In 1885 Mr. and Mrs. Calvin Bradshaw and Ida came from Cedar Creek, Cass county, Nebr. and filed on a homestead about 21/2 miles north of Farnam. They moved here in a covered wagon from Kenesaw where Mr. and Mrs. Voodry came on with them in another covered wagon. They arrived here in February with snow on the ground. Mr. Voodry had been out here the year before and built a cave or dugout to live in until they could build a sod house. They sodded up the door until they came back to live there. The two families stood in snow until the sod was removed and the door opened and a stove put up. They then melted snow for stock and house use. Mr. Bradshaw drove through some milk cows and their feet were bleeding from being cut with ice and snow, from three hard days drive. When that snow thawed away then there were days spent hunting for water. Mr. Bradshaw for a short time hauled water 7 miles and later hauled water 4 miles for a long time. Then bought water by the barrel from the Keystone well until rain and snows came again.
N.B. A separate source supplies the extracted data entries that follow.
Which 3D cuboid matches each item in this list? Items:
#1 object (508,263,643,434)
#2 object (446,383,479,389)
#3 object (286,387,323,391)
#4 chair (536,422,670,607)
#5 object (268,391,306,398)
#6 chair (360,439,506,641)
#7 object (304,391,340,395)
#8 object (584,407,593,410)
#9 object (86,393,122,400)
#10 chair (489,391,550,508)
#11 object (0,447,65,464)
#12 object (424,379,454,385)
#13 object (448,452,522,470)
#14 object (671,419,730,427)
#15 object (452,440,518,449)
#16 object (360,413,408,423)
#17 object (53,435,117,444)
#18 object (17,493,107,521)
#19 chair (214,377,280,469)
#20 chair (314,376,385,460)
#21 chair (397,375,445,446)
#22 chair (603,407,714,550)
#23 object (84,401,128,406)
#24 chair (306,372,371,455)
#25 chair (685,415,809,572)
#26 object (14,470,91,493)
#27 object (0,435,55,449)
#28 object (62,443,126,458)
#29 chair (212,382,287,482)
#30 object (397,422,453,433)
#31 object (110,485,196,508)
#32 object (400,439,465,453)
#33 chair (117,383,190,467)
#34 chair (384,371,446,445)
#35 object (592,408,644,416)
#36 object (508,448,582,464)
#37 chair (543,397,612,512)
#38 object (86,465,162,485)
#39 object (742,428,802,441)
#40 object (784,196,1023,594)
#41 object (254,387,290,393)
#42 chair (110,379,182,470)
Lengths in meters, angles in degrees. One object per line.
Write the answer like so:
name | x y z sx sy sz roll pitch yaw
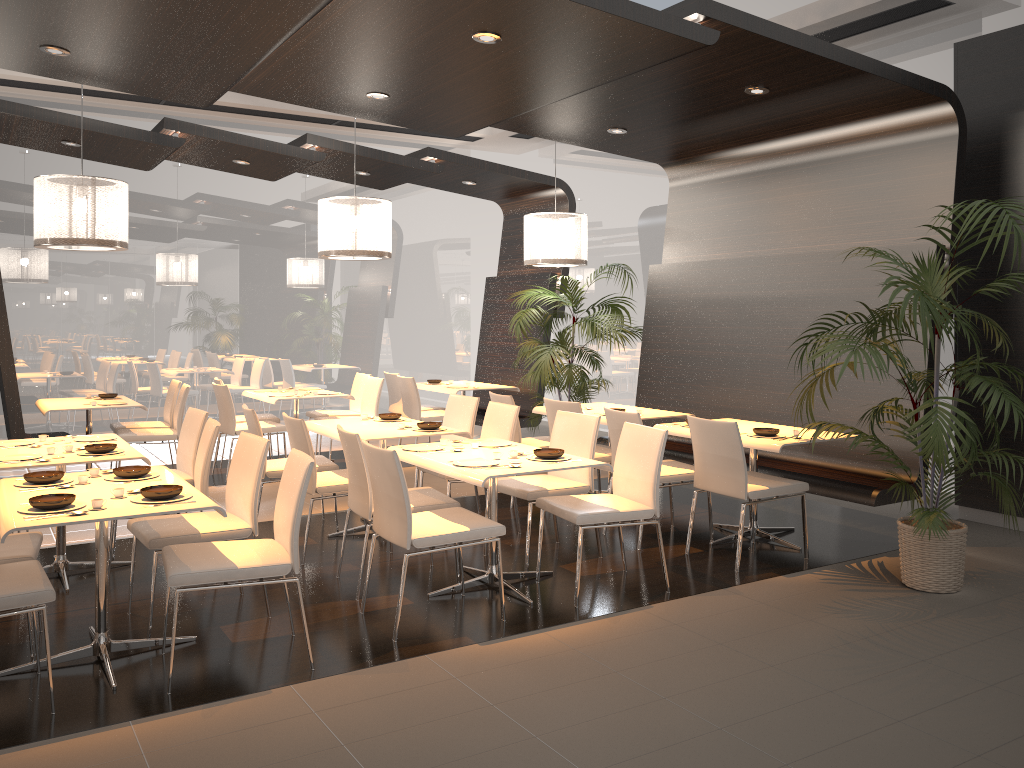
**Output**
object | 0.649 -0.225 8.955 1.505 2.060 1.563 0 2 -19
object | -0.524 0.020 9.529 0.335 0.038 0.377 -3 5 -38
object | -2.195 0.039 9.286 0.335 0.038 0.377 -4 6 -43
chair | 0.505 0.679 4.850 0.605 0.874 0.484 -1 1 -24
object | -2.156 0.098 8.501 0.335 0.038 0.377 -3 5 -38
chair | -0.409 0.716 4.369 0.605 0.874 0.484 -1 1 -29
object | -1.884 0.079 8.754 0.335 0.038 0.377 -4 6 -43
object | 0.494 0.184 7.339 0.335 0.038 0.377 -3 5 -38
object | -3.802 0.115 8.242 0.303 0.044 0.365 -3 5 -33
chair | 0.150 0.503 7.193 0.605 0.874 0.484 -1 1 -24
object | -2.585 0.382 4.729 0.335 0.038 0.377 -3 5 -38
object | -0.844 -0.023 10.058 0.303 0.044 0.365 -3 5 -33
object | -0.120 0.394 4.548 0.335 0.038 0.377 -3 5 -38
object | 1.327 0.272 6.127 0.303 0.044 0.365 -3 5 -33
object | -0.186 0.342 5.249 0.335 0.038 0.377 -4 6 -43
object | -0.937 0.244 6.509 0.303 0.044 0.365 -3 5 -33
object | -2.644 0.326 5.475 0.335 0.038 0.377 -4 6 -43
object | -1.780 0.472 3.494 0.303 0.044 0.365 -3 5 -33
chair | -2.698 0.369 8.967 0.605 0.869 0.484 -1 1 -24
chair | -1.614 0.377 8.852 0.605 0.869 0.484 -1 1 -29
chair | -0.876 0.344 9.319 0.605 0.874 0.484 -1 1 -29
chair | 0.963 0.594 5.943 0.605 0.869 0.484 -1 1 -24
object | -3.552 0.157 7.722 0.335 0.038 0.377 -4 6 -43
chair | -1.841 0.334 9.458 0.605 0.874 0.484 -1 1 -29
chair | 1.437 0.630 5.467 0.605 0.869 0.484 -1 1 -29
object | -2.096 0.432 4.029 0.303 0.044 0.365 -3 5 -33
object | -2.908 0.343 5.251 0.335 0.038 0.377 -3 5 -38
object | -2.333 0.363 4.936 0.303 0.044 0.365 -3 5 -33
chair | -2.477 0.421 8.301 0.605 0.874 0.484 -1 1 -34
object | -0.596 0.286 5.956 0.303 0.044 0.365 -3 5 -33
object | -1.500 0.456 3.693 0.303 0.044 0.365 -3 5 -33
object | -0.443 0.355 5.070 0.335 0.038 0.377 -3 5 -38
chair | -3.183 0.452 7.861 0.605 0.869 0.484 -1 1 -24
chair | -1.103 0.296 9.925 0.605 0.869 0.484 -1 1 -29
object | 0.837 0.218 6.843 0.303 0.044 0.365 -3 5 -33
object | 0.158 0.377 4.737 0.303 0.044 0.365 -3 5 -33
chair | 0.587 0.541 6.685 0.605 0.874 0.484 -1 1 -34
object | -1.835 0.420 4.183 0.303 0.044 0.365 -3 5 -33
object | 1.656 0.310 5.616 0.303 0.044 0.365 -3 5 -33
object | 2.276 0.088 4.783 1.561 2.060 1.506 0 1 14
object | -2.450 0.058 9.035 0.335 0.038 0.377 -3 5 -38
chair | -3.479 0.412 8.424 0.605 0.874 0.484 -1 1 -29

All stock was tied out on picket ropes on the prairies. Both families lived in dugouts or caves until fall. The roof was covered with brush and poles and sod on top, and was papered over on the inside to keep dust and dirt from sifting through. One day there was a scratching of the paper overhead and Mrs. Voodry said, "There must be mice and she would break a hole in the paper and let them out," but to her surprise a snake fell through on the
bed. There was great fear all the rest of that summer. Then in the fall Mr. Bradshaw built a sod house one half mile east of the Voodry homestead, the claims joining: Uncle Sammie Wycoff's tree claim joined them on the east and John Rylander's claim joined them on the south. Once during a blizzard some of Mr. Bradshaw's stock strayed away to Mr. Rylander's and when he went to get them he found that Mr. Rylander had put shocks of hay on his cattle's backs while they were lying dowm, to shelter them, which was all the shelter they had.
Neighbors were few and everyone was lonesome. The only amusement for old and young people before the railroad came through was for several families to go in a lumber wagon to a neighbors to visit in the evenings. The young people singing and playing games while older ones talked of the homes they had left to come to the wild and wooly west. One evening in the gathering of these people, one lady said she didn't have enough grease to grease her bread pans; another lady said that is nothing she didn't have the bread to put in the pans. There was much joy and pleasure and great hopes in those days. There was plenty of wild fruits in the canyons such as wild plums, raspberries, canyon currants and choke cherries and no fences to bar anyone out, but chiggers.
Mr. Bradshaw lived on his homestead until 1898 when he moved to Farnam and was postmaster for 18 years, then he resigned on account of poor health and died two years later. Mrs. Bradshaw had passed away five years before. Ida Bradshaw taught the North school in District 35 in Walker precinct in the dining room of the Scull house, before any school house was built here.